#### What you will do
If a line in the entries below includes the string "angles", copy it out.

(Source records)
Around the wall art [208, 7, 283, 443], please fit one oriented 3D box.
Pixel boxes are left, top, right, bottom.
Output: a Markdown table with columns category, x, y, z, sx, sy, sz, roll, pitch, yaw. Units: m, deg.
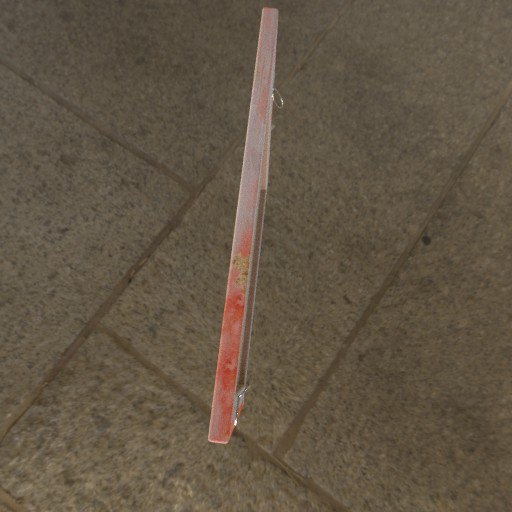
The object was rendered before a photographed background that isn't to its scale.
| category | x | y | z | sx | sy | sz | roll | pitch | yaw |
| --- | --- | --- | --- | --- | --- | --- | --- | --- | --- |
| wall art | 0.000 | 0.000 | 1.266 | 0.066 | 0.878 | 0.878 | 6 | 75 | 2 |
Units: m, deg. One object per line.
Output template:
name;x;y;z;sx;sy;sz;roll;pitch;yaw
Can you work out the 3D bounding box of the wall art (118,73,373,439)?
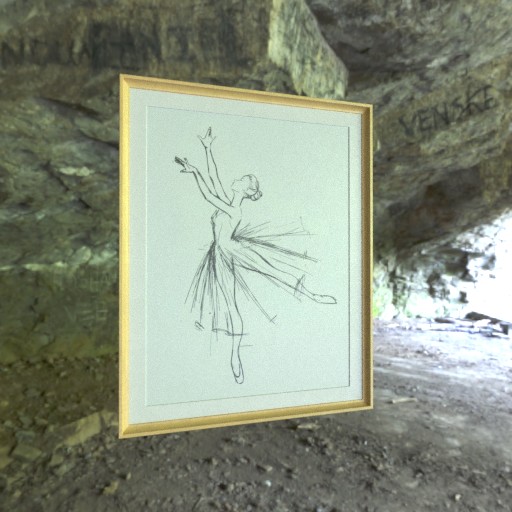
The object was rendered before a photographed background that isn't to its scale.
wall art;0.000;0.000;1.352;0.798;1.002;0.030;0;-1;-18
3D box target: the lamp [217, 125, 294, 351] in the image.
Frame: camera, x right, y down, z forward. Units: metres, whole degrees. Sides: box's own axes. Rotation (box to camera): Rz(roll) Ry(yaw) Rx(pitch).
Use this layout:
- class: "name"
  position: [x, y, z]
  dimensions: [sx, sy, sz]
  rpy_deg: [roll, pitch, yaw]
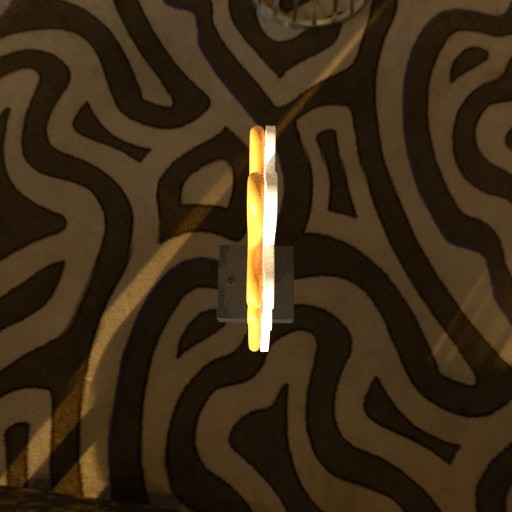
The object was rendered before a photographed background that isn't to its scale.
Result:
- class: "lamp"
  position: [0.000, 0.000, 0.401]
  dimensions: [0.088, 0.317, 0.167]
  rpy_deg: [1, 76, 0]
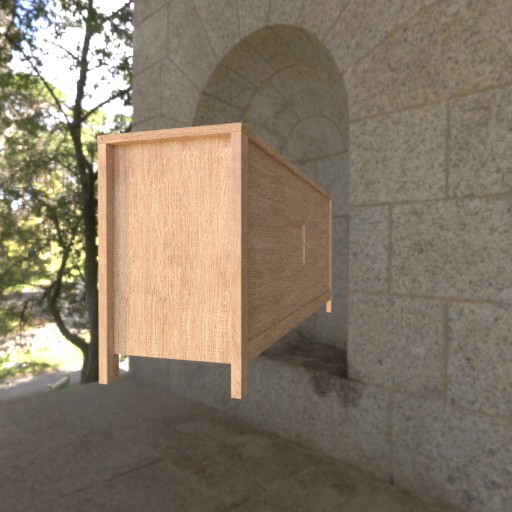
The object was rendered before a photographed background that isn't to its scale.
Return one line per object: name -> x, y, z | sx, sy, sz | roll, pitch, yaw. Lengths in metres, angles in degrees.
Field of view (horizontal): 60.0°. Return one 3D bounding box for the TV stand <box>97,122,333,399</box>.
TV stand -> 0.000, 0.000, 1.734 | 0.398, 0.610, 1.466 | 0, 1, 18
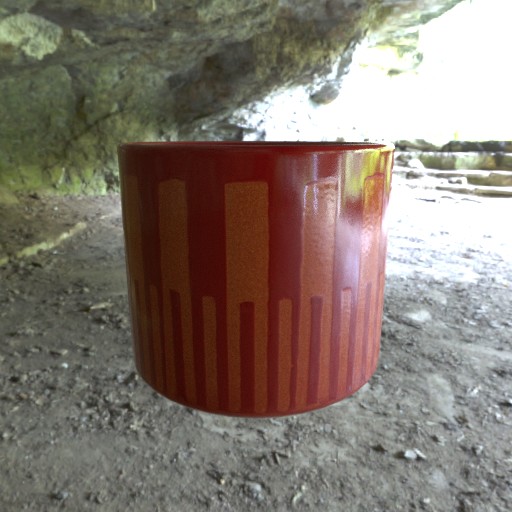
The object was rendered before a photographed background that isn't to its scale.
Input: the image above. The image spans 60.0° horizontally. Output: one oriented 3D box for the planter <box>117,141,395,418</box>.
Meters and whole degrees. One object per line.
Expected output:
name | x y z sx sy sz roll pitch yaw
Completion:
planter | 0.000 0.000 0.407 0.230 0.202 0.230 0 15 0
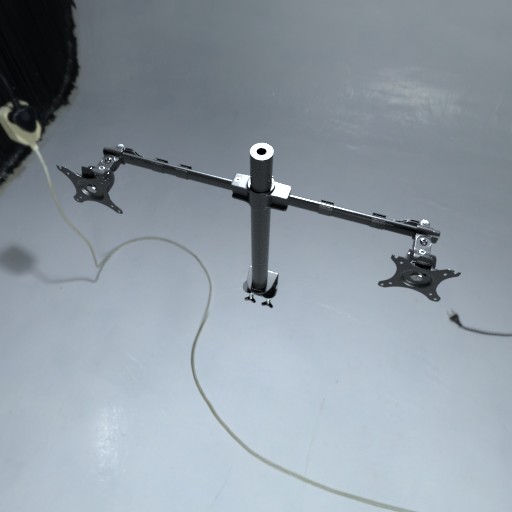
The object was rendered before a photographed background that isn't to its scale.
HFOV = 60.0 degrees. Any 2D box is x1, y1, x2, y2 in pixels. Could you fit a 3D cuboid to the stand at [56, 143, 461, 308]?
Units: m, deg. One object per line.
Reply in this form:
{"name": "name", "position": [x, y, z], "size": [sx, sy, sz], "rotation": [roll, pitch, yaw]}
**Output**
{"name": "stand", "position": [0.000, 0.000, 1.022], "size": [0.743, 0.603, 0.150], "rotation": [16, 60, 10]}
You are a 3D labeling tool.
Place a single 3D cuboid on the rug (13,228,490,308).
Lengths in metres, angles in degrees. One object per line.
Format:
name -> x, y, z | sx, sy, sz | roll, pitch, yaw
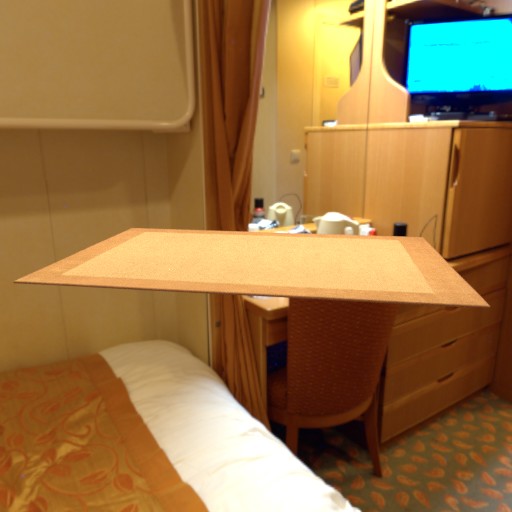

#### Answer below
Return one line per object: name -> x, y, z | sx, sy, sz | roll, pitch, yaw. Lengths in metres, angles in degrees.
Lengths in metres, angles in degrees. One object per line.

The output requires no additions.